To be able to model literary evaluation as described by Heydebrand and Winko (1996), we expanded our dataset to include representations of verbal value judgments and readers’ selective choices. While verbal value judgments are directly preserved in historical reviews, the reconstruction of readers’ choices is not as straightforward. Transferring Heydebrand and Winko’s idea of the buying decision to the time frame in question seems impractical because particularly for earlier time periods covered by our corpora, reliable sales numbers are not available. Additionally, we wanted to introduce a measure that explicitly encapsulates a text’s popularity with lay audiences in contrast to expert opinions recorded in reviews, and historically, buying books was simply not the way the majority of readers accessed their reading materials. Here, entries in circulating library catalogs seem to be a better suited proxy: Circulating libraries relied heavily on the popularity of the items they advertised and had to adapt to audiences’ preferences in order to remain profitable (E. H. Jacobs 2003), which makes the existence of catalog entries a suitable representation of a text’s popularity.

4.1 Reviews

In both the English and German-speaking Europe, the rise of literary periodicals coincides with the commercialization of the literary market (see Italia 2012), which led to an exponential growth of available reading material and a resulting need for selection. As a consequence, literary periodicals can be seen as structuring devices (Plachta 2019) that place the reviewed texts along a gradient from well to poorly received, but also distinguish between texts that were interesting enough to be reviewed and the remaining mass of texts published at the same time. In addition to reviews being written by professional readers, numerous influential publications were directly linked to central figures of the literary sphere: Authors such as August Friedrich Kotzebue and Tobias Smollett, for example, acted as founders and editors of the Blätter für literarische Unterhaltung and The Critical Review, respectively. This direct involvement of authors as professional reviewers (see Heydebrand and Winko 1996, pp. 188–210) further accentuate the difference between evaluations by (peer) experts and popularity with broader audiences, as it is recorded in circulating library catalogs described below.

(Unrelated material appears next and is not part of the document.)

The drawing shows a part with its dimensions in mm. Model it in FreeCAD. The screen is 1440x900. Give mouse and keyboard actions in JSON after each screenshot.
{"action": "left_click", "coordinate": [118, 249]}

Due to the sheer number of literary journals published in the time span covered by our corpora, the selection of representative journals is based on considerations of influence and outreach, but also availability. For the English dataset, we were able to rely on some already digitized reviews accessible through the database British Fiction 1800-1829 (Garside 2011, based on Garside and Schöwerling 2000) and used the corresponding analogue bibliography for the time span from 1770-1799 (Raven and Forster 2000) to locate referenced reviews. The database and bibliography primarily list reviews in The Monthly Review (MR) (covering the years from 1800 to 1830) and The Critical Review (CR) (1800-1817), but also feature references to La Belle Assemblée (BA) (1806-1830), Flowers of Literature (FL) (1801-1809), and The Star (surveyed for 1800 through 1830). Additionally, we consulted the database The Athenaeum Project (ATH) (City University London 2001) which provides access to searchable indices of the eponymous journal published from 1828 to 1923. For the German dataset, we consulted the database Gelehrte Journale und Zeitungen der Aufklärung (GJZ18 2021), but also relied heavily on the monthly and yearly indices of selected journals which were especially influential during their respective running time: Allgemeine Literatur-Zeitung (ALZ) (1785-1849), Morgenblatt für gebildete Stände (MGS) (1807-1865), Blätter für literarische Unterhaltung (BLU) (1826-1898), and Deutsche Literaturzeitung (DL) (1880-1993).

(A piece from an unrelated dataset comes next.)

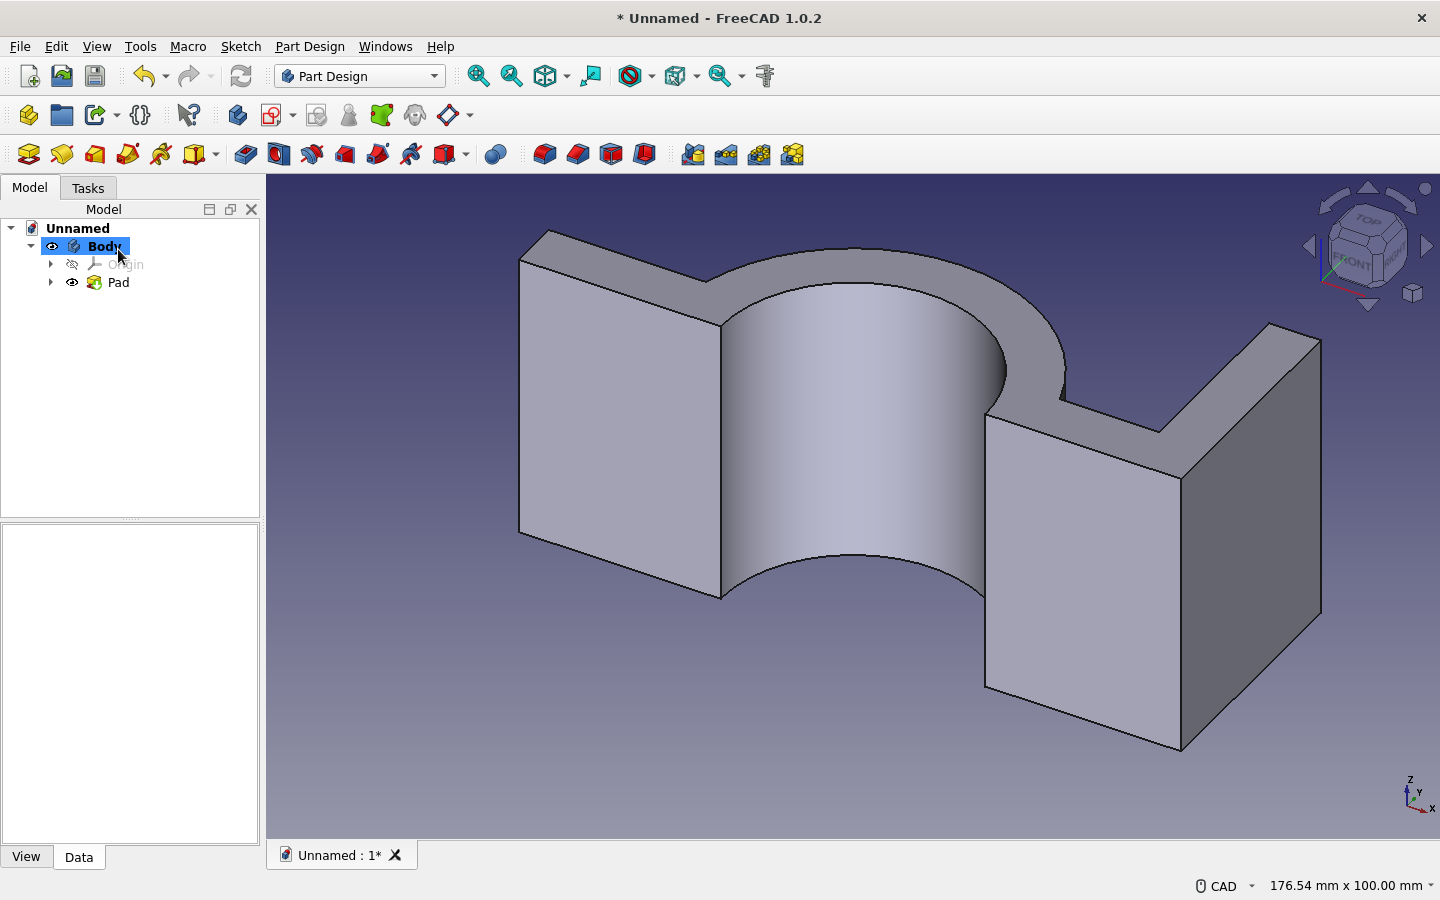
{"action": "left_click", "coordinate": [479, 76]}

As the available scan quality as well as the fonts and type settings differed widely across the selected publications, we trained multiple recognition models using OCR4all (Reul et al. 2019), which were then combined in several iterations of text recognition. Collective reviews of multiple texts were split into parts concerning the referenced texts, and frequently featured lengthy quotes from the reviewed texts were replaced by ellipses.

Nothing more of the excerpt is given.